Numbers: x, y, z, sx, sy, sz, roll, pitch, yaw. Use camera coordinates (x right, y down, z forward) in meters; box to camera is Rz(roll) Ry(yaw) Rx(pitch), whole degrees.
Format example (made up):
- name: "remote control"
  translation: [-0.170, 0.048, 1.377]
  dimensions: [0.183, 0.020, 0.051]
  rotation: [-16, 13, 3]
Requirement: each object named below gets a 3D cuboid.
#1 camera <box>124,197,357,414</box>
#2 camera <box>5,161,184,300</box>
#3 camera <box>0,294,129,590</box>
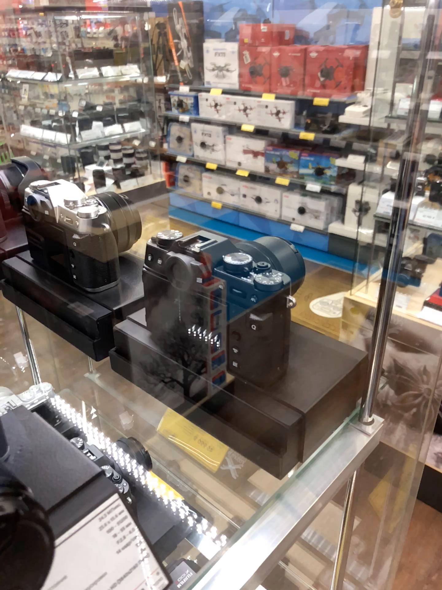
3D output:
- name: "camera"
  translation: [0.015, -0.003, 0.351]
  dimensions: [0.114, 0.090, 0.110]
  rotation: [21, 35, 35]
- name: "camera"
  translation: [-0.115, -0.068, 0.456]
  dimensions: [0.114, 0.078, 0.109]
  rotation: [23, 37, 38]
- name: "camera"
  translation: [-0.124, 0.078, 0.193]
  dimensions: [0.120, 0.090, 0.114]
  rotation: [22, 36, 36]
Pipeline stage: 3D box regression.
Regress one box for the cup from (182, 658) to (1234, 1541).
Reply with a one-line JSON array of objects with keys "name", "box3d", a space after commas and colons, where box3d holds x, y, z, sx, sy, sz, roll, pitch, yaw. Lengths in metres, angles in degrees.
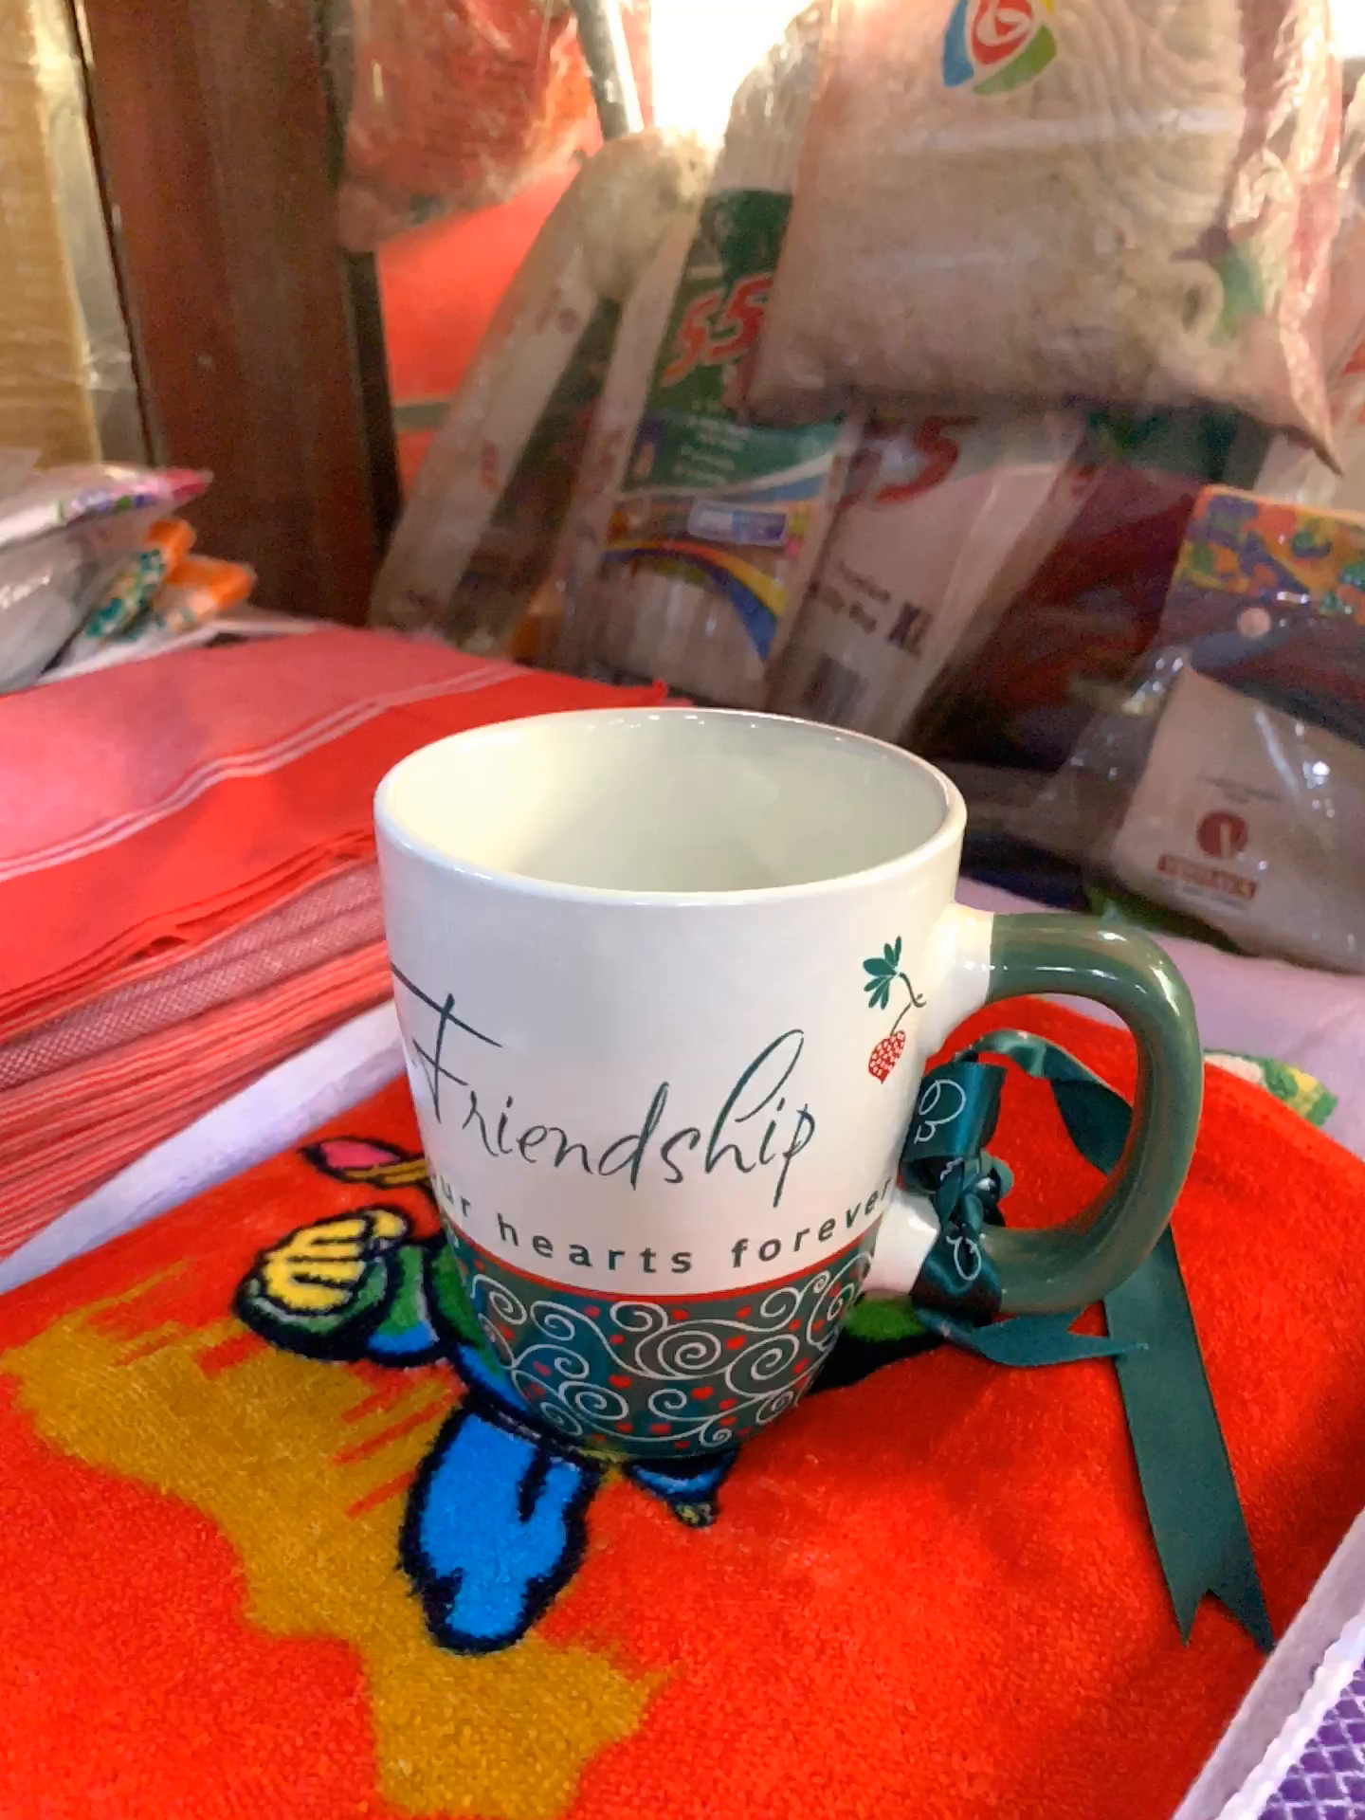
[{"name": "cup", "box3d": [0.009, 0.020, 0.240, 0.132, 0.094, 0.101, 5, 25, 12]}]
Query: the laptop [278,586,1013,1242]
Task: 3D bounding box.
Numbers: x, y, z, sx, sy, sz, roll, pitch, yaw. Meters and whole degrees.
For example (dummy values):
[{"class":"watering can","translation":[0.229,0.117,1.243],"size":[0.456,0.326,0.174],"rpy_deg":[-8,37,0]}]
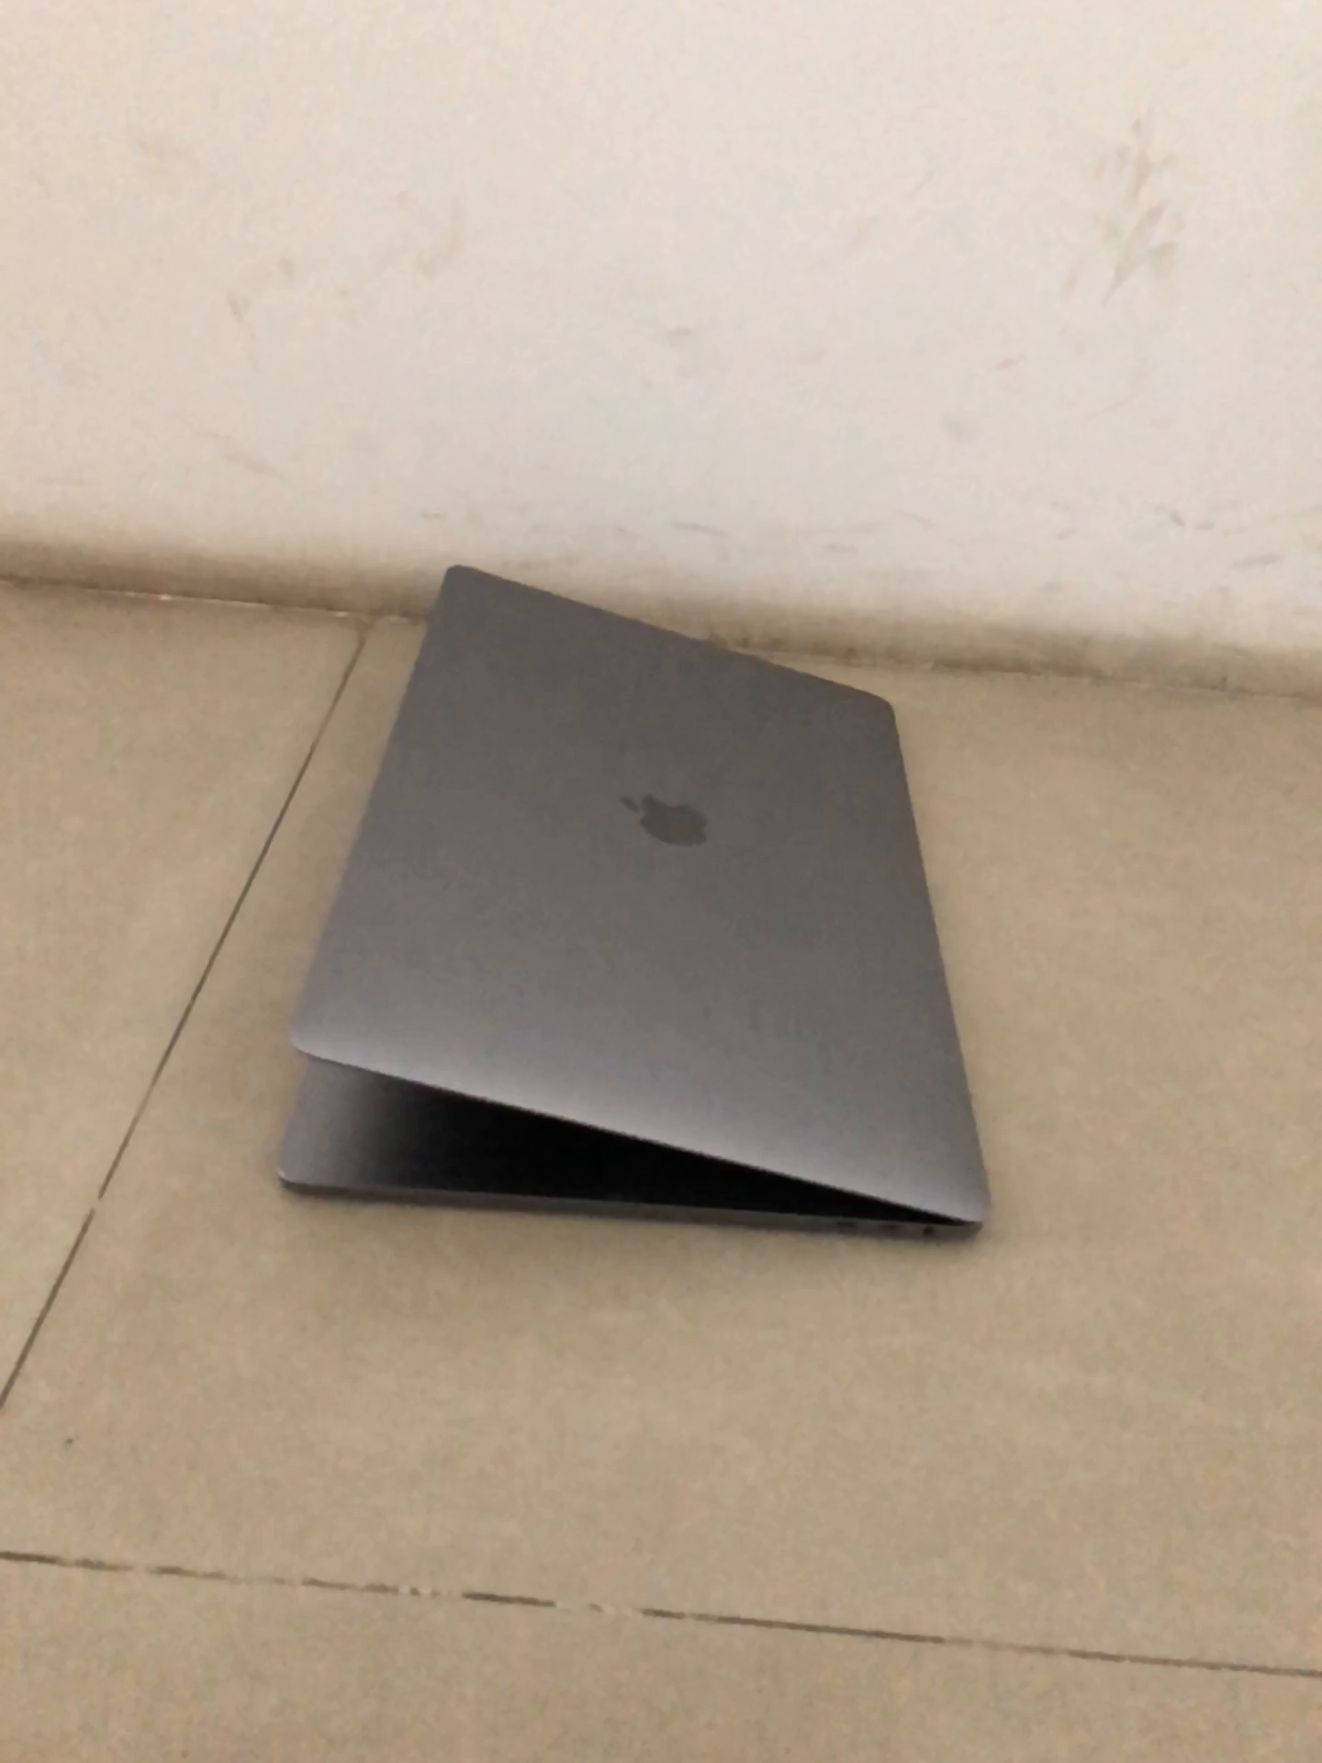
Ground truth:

══════

TASK GOAL: Gather each line in the entries above where the string "example" is found.

SOLVED PROBLEM:
Format example (made up):
For example (dummy values):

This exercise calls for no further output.